Leading Leaders: How to Manage Smart, Talented, Rich, and Powerful People

  • 3h 35m
  • Jeswald W. Salacuse
  • AMACOM
  • 2005

Some of the most valuable people in and around your organization may also be the most difficult to manage. They are the “elites” – executives, highly educated professionals, investors, board members, experts in critical functions, and others – whose special talents or positions give them unusual power and independence from those who seek to lead them. They are important assets to your company – but only if you are able to harness their strengths and align them with organizational goals.

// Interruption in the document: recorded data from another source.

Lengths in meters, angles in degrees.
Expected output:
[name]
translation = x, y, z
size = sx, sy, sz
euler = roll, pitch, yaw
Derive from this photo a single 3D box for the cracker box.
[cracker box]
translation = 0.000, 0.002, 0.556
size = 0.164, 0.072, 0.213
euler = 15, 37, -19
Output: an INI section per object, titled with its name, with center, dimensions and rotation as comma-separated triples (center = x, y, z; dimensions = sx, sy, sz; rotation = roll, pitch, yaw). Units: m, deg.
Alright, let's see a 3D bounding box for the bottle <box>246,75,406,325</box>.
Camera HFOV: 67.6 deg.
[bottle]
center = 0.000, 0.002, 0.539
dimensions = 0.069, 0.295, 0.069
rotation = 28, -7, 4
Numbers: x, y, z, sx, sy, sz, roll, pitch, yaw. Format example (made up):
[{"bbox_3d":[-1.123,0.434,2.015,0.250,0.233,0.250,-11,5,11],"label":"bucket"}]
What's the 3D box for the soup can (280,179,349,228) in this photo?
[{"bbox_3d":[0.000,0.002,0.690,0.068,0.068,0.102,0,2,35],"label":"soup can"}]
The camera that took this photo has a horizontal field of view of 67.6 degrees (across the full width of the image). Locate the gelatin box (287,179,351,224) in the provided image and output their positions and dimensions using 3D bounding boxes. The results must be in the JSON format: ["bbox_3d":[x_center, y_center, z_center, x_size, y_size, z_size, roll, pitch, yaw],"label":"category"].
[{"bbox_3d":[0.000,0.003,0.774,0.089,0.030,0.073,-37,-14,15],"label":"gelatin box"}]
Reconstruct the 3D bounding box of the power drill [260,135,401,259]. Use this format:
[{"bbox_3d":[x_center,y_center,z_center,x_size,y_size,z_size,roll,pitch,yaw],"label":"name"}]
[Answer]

Rather than relying on the top-down processes that might apply in a typical leadership hierarchy, you need to establish the sort of leadership style and methods that will resonate with these very special “followers.” Leading Leaders shows how to develop one-on-one, up-close-and-personal relationships with influential people and how to leverage their expertise toward strong results.

About the Author

Jeswald W. Salacuse is Henry J. Braker Professor of Law at the Fletcher School of Law and Diplomacy, Tufts University, the senior graduate professional school of international affairs in the United States. From July 1986 to September 1994, Professor Salacuse served as The Fletcher School’s Dean. He holds a J.D. from Harvard Law School, an A.B. from Hamilton College, and a diploma from the University of Paris. He has been a lecturer in law at Ahmadu Bello University in Nigeria, a lawyer with a Wall Street law firm, a professor of law, and director of research at the National School of Administration in the Congo, the Ford Foundation’s Middle East advisor on law and development based in Beirut, Lebanon, and later the Foundation’s representative in the Sudan. From 1980 to 1986, he served as Dean of the School of Law of Southern Methodist University. Professor Salacuse has traveled and lectured widely. He has been a Visiting Professor at the University of London, the University of Bristol, the Ecole Nationale des Ponts et Chaussées, Paris, and the Instituto de Empresa, Madrid. In the spring of 2000, he held the Fulbright Distinguished Chair in Comparative Law in Italy.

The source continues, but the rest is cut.